» What the task asks
Every line from the top of the records through the one bearing "Autodesk Inventor part; units mm, degrees" is to be reproduced exactly, and pictures are to be left out.

Stored data entries
----
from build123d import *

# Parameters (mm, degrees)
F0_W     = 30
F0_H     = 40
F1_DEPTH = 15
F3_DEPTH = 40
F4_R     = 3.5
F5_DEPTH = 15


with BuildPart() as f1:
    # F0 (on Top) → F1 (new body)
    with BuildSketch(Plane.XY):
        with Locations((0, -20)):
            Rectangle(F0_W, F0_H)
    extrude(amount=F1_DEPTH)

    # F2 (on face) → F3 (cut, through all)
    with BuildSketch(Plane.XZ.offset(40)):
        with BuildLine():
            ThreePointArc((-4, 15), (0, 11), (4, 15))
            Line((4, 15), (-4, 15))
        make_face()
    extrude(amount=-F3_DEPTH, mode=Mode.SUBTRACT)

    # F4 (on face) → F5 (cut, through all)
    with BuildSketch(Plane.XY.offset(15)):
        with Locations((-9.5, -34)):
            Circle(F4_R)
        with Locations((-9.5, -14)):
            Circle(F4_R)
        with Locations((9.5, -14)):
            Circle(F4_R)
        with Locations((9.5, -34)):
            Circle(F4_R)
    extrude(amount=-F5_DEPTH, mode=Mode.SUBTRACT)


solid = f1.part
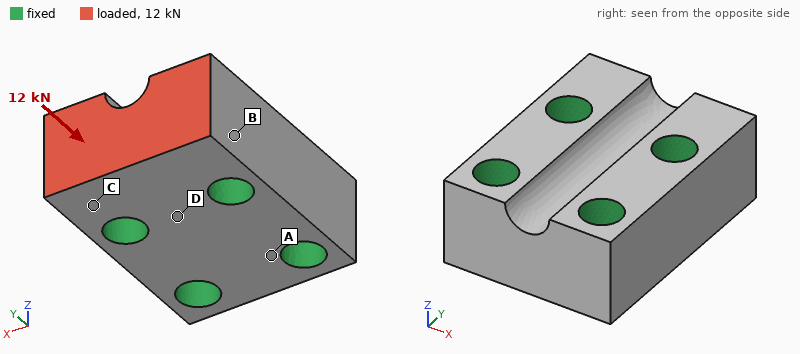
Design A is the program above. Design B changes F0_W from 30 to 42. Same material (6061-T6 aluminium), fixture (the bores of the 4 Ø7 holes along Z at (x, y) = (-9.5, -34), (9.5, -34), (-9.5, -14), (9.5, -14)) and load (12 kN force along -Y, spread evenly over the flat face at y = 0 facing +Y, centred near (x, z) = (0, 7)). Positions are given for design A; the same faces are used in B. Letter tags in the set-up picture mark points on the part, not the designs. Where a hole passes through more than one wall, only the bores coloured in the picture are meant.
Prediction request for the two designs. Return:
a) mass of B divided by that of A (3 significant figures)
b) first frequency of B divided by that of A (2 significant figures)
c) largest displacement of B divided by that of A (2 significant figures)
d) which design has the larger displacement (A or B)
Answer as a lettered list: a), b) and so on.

a) 1.49
b) 0.89
c) 1.2
d) B
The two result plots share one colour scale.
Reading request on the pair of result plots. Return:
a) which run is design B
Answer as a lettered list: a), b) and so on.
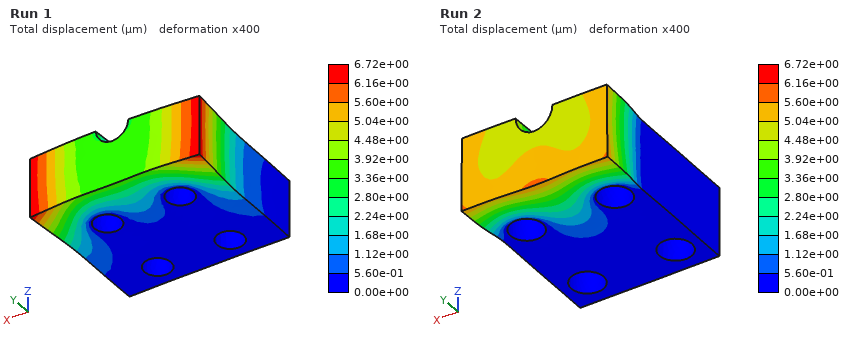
a) Run 1
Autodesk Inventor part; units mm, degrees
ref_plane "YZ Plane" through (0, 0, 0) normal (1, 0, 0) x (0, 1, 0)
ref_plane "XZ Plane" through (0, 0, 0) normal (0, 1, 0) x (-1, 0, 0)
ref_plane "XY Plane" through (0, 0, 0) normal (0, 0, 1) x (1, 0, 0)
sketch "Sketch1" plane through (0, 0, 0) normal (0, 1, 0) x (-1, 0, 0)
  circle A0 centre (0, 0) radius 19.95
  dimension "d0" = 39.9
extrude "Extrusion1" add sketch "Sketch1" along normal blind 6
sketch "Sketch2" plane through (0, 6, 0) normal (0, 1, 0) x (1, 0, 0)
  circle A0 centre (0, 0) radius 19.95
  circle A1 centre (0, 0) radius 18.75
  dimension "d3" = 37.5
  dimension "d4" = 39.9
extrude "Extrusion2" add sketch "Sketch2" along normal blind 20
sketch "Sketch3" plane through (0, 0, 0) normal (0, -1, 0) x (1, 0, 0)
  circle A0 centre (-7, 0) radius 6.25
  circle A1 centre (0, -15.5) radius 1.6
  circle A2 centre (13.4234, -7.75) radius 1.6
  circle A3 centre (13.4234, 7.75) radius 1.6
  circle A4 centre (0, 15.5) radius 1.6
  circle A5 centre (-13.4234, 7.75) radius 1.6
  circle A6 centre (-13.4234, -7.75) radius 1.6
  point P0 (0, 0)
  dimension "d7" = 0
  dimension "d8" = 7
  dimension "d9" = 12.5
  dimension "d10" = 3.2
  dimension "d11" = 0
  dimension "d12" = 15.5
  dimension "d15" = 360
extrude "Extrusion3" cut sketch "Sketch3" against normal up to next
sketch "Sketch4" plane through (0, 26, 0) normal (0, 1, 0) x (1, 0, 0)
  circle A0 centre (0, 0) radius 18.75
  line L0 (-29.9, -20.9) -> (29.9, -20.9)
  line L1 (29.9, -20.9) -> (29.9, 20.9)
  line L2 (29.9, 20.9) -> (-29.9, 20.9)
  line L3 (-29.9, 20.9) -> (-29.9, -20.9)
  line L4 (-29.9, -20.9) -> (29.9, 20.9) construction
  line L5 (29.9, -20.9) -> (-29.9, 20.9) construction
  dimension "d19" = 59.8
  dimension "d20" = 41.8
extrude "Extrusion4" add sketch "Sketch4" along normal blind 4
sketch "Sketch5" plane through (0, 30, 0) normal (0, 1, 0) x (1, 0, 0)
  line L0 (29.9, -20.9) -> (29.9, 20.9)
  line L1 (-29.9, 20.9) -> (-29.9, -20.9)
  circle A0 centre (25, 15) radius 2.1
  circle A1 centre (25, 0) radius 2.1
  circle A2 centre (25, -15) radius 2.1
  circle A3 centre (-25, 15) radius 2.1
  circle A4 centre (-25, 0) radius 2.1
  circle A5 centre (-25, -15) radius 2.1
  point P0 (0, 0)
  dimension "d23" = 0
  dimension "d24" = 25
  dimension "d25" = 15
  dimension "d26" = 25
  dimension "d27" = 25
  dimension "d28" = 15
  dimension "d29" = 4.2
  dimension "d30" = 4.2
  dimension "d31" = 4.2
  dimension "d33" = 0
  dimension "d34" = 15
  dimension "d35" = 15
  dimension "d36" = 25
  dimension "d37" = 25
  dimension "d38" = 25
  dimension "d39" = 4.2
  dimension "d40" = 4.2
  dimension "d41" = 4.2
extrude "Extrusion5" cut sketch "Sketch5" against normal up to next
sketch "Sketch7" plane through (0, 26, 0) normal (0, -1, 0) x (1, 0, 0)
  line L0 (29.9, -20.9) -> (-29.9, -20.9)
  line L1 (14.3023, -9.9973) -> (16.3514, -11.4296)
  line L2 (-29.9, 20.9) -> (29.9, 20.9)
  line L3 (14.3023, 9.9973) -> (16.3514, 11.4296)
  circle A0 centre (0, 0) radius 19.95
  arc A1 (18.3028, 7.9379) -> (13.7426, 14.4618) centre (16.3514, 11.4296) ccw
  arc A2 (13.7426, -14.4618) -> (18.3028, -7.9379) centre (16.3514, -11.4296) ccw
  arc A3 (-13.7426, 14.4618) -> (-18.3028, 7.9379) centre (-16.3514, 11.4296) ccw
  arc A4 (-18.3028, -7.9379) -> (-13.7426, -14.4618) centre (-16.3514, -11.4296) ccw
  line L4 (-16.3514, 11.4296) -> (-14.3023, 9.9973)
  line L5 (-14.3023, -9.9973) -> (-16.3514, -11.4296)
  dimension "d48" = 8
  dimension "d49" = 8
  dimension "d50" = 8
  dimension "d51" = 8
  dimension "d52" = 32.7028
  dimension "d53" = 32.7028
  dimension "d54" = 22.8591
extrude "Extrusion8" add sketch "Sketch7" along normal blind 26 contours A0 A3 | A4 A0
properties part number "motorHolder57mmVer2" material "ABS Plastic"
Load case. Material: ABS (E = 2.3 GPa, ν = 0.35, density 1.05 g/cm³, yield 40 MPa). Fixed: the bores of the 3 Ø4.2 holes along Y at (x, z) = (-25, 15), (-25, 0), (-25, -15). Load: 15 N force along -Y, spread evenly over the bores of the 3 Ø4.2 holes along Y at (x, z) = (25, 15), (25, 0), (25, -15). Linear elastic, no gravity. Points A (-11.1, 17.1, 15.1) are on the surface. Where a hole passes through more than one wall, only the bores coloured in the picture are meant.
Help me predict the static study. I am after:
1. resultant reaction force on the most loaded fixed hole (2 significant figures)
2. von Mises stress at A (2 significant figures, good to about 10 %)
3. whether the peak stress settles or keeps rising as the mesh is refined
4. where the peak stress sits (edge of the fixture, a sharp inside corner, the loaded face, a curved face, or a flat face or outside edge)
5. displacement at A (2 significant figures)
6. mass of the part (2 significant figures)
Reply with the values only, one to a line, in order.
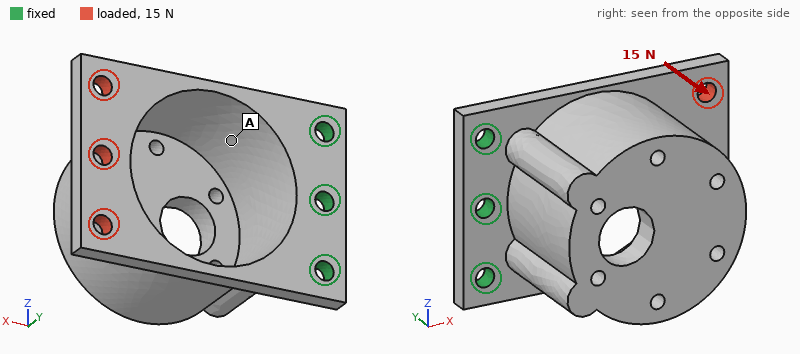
----
» Solution below
from build123d import *

# Parameters (mm, degrees)
F0_W     = 30
F0_H     = 40
F1_DEPTH = 15
F3_DEPTH = 40
F4_R     = 3.5
F5_DEPTH = 15


with BuildPart() as f1:
    # F0 (on Top) → F1 (new body)
    with BuildSketch(Plane.XY):
        with Locations((0, -20)):
            Rectangle(F0_W, F0_H)
    extrude(amount=F1_DEPTH)

    # F2 (on face) → F3 (cut, through all)
    with BuildSketch(Plane.XZ.offset(40)):
        with BuildLine():
            ThreePointArc((-4, 15), (0, 11), (4, 15))
            Line((4, 15), (-4, 15))
        make_face()
    extrude(amount=-F3_DEPTH, mode=Mode.SUBTRACT)

    # F4 (on face) → F5 (cut, through all)
    with BuildSketch(Plane.XY.offset(15)):
        with Locations((-9.5, -34)):
            Circle(F4_R)
        with Locations((-9.5, -14)):
            Circle(F4_R)
        with Locations((9.5, -14)):
            Circle(F4_R)
        with Locations((9.5, -34)):
            Circle(F4_R)
    extrude(amount=-F5_DEPTH, mode=Mode.SUBTRACT)


solid = f1.part
Design A is the program above. Design B changes F0_W from 30 to 42. Same material (6061-T6 aluminium), fixture (the bores of the 4 Ø7 holes along Z at (x, y) = (-9.5, -34), (9.5, -34), (-9.5, -14), (9.5, -14)) and load (12 kN force along -Y, spread evenly over the flat face at y = 0 facing +Y, centred near (x, z) = (0, 7)). Positions are given for design A; the same faces are used in B. Letter tags in the set-up picture mark points on the part, not the designs. Where a hole passes through more than one wall, only the bores coloured in the picture are meant.
Prediction request for the two designs. Return:
a) mass of B divided by that of A (3 significant figures)
b) first frequency of B divided by that of A (2 significant figures)
c) largest displacement of B divided by that of A (2 significant figures)
d) which design has the larger displacement (A or B)
Answer as a lettered list: a), b) and so on.

a) 1.49
b) 0.89
c) 1.2
d) B
The two result plots share one colour scale.
Reading request on the pair of result plots. Return:
a) which run is design B
Answer as a lettered list: a), b) and so on.
a) Run 1
Autodesk Inventor part; units mm, degrees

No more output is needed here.